Bluefield State spotlights nursing pathway for McDowell students
Bluefield State showed McDowell Technical Education Center students a one-year LPN-to-RN path on National Nurses Day. West Virginia says it faces a 19% shortage of registered nurses.

Students from McDowell Technical Education Center got a close look at a shorter road into nursing when Bluefield State University brought them to its Mercer County campus on May 6. The visit, timed with National Nurses Day, was designed to show McDowell students how practical nursing training can lead to a registered nursing career without forcing them to leave the southern coalfields.
The event was coordinated by Kelli Sarver, a Bluefield State professor of nursing, and centered on the university’s accelerated LPN-to-RN route. Bluefield State says qualifying licensed practical nurses can finish the RN nursing courses in one calendar year after a 10-week summer transition course. The university’s nursing mission is built around preparing graduate nurses for professional practice and NCLEX-RN success, making the pathway more than a classroom bridge; it is a direct route from technical education to licensure.
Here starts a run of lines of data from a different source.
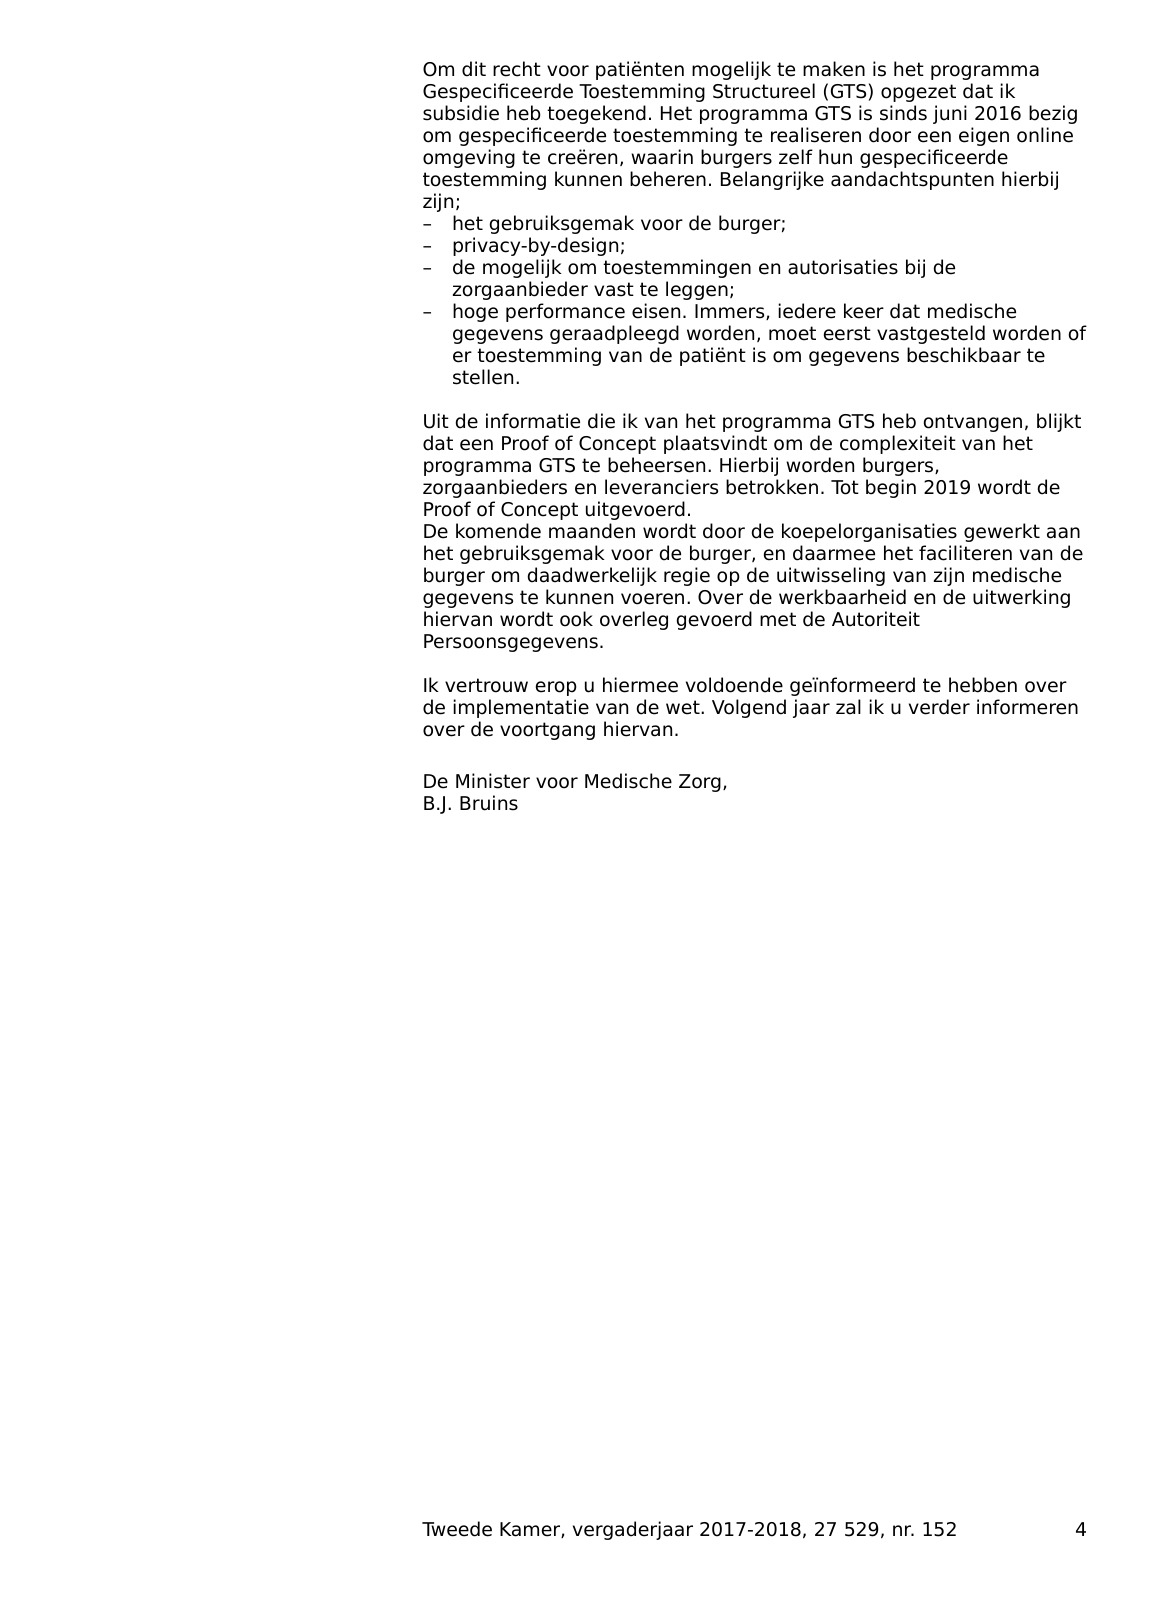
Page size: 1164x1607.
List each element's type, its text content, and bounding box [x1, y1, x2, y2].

text Ik vertrouw erop u hiermee voldoende geïnformeerd te hebben over de implementatie van de wet. Volgend jaar zal ik u verder informeren over de voortgang hiervan. [422, 675, 1087, 741]
text Om dit recht voor patiënten mogelijk te maken is het programma Gespecificeerde Toestemming Structureel (GTS) opgezet dat ik subsidie heb toegekend. Het programma GTS is sinds juni 2016 bezig om gespecificeerde toestemming te realiseren door een eigen online omgeving te creëren, waarin burgers zelf hun gespecificeerde toestemming kunnen beheren. Belangrijke aandachtspunten hierbij zijn; [422, 59, 1087, 213]
text – privacy-by-design; [422, 235, 1087, 257]
text De Minister voor Medische Zorg, B.J. Bruins [422, 771, 1087, 815]
text De komende maanden wordt door de koepelorganisaties gewerkt aan het gebruiksgemak voor de burger, en daarmee het faciliteren van de burger om daadwerkelijk regie op de uitwisseling van zijn medische gegevens te kunnen voeren. Over de werkbaarheid en de uitwerking hiervan wordt ook overleg gevoerd met de Autoriteit Persoonsgegevens. [422, 521, 1087, 653]
text Uit de informatie die ik van het programma GTS heb ontvangen, blijkt dat een Proof of Concept plaatsvindt om de complexiteit van het programma GTS te beheersen. Hierbij worden burgers, zorgaanbieders en leveranciers betrokken. Tot begin 2019 wordt de Proof of Concept uitgevoerd. [422, 411, 1087, 521]
text – hoge performance eisen. Immers, iedere keer dat medische gegevens geraadpleegd worden, moet eerst vastgesteld worden of er toestemming van de patiënt is om gegevens beschikbaar te stellen. [422, 301, 1087, 389]
text – het gebruiksgemak voor de burger; [422, 213, 1087, 235]
text – de mogelijk om toestemmingen en autorisaties bij de zorgaanbieder vast te leggen; [422, 257, 1087, 301]

That matters in McDowell County, where workforce shortages continue to hit health care and related support jobs. A West Virginia University report says the state faces a projected 14% shortage of physicians and a 19% shortage of registered nurses, while the West Virginia Hospital Association has said staffing shortages remain tied to an aging workforce and continue to affect access to care. For students weighing whether to stay close to home, those numbers point to opportunity in local hospitals, clinics and long-term care settings that need more licensed staff.
Bluefield State also used the visit to underline its own momentum. The university reported 7.8% overall enrollment growth, 9.5% full-time equivalent enrollment growth and a 37% increase in first-time freshman enrollment. Its fall 2025 headcount reached 1,442 students, the highest in a decade. That growth gives the school more weight as a regional workforce pipeline, and Bluefield State said the McDowell visit reflected a growing partnership with county schools.

For McDowell families, the practical takeaway is clear: a student can begin at the technical school level, move into Bluefield State’s nursing track and, with the right credentials, work toward an RN license without breaking community ties. In a county where keeping young people close to home often depends on the next job, that makes the nursing pathway an economic development story as much as an education one.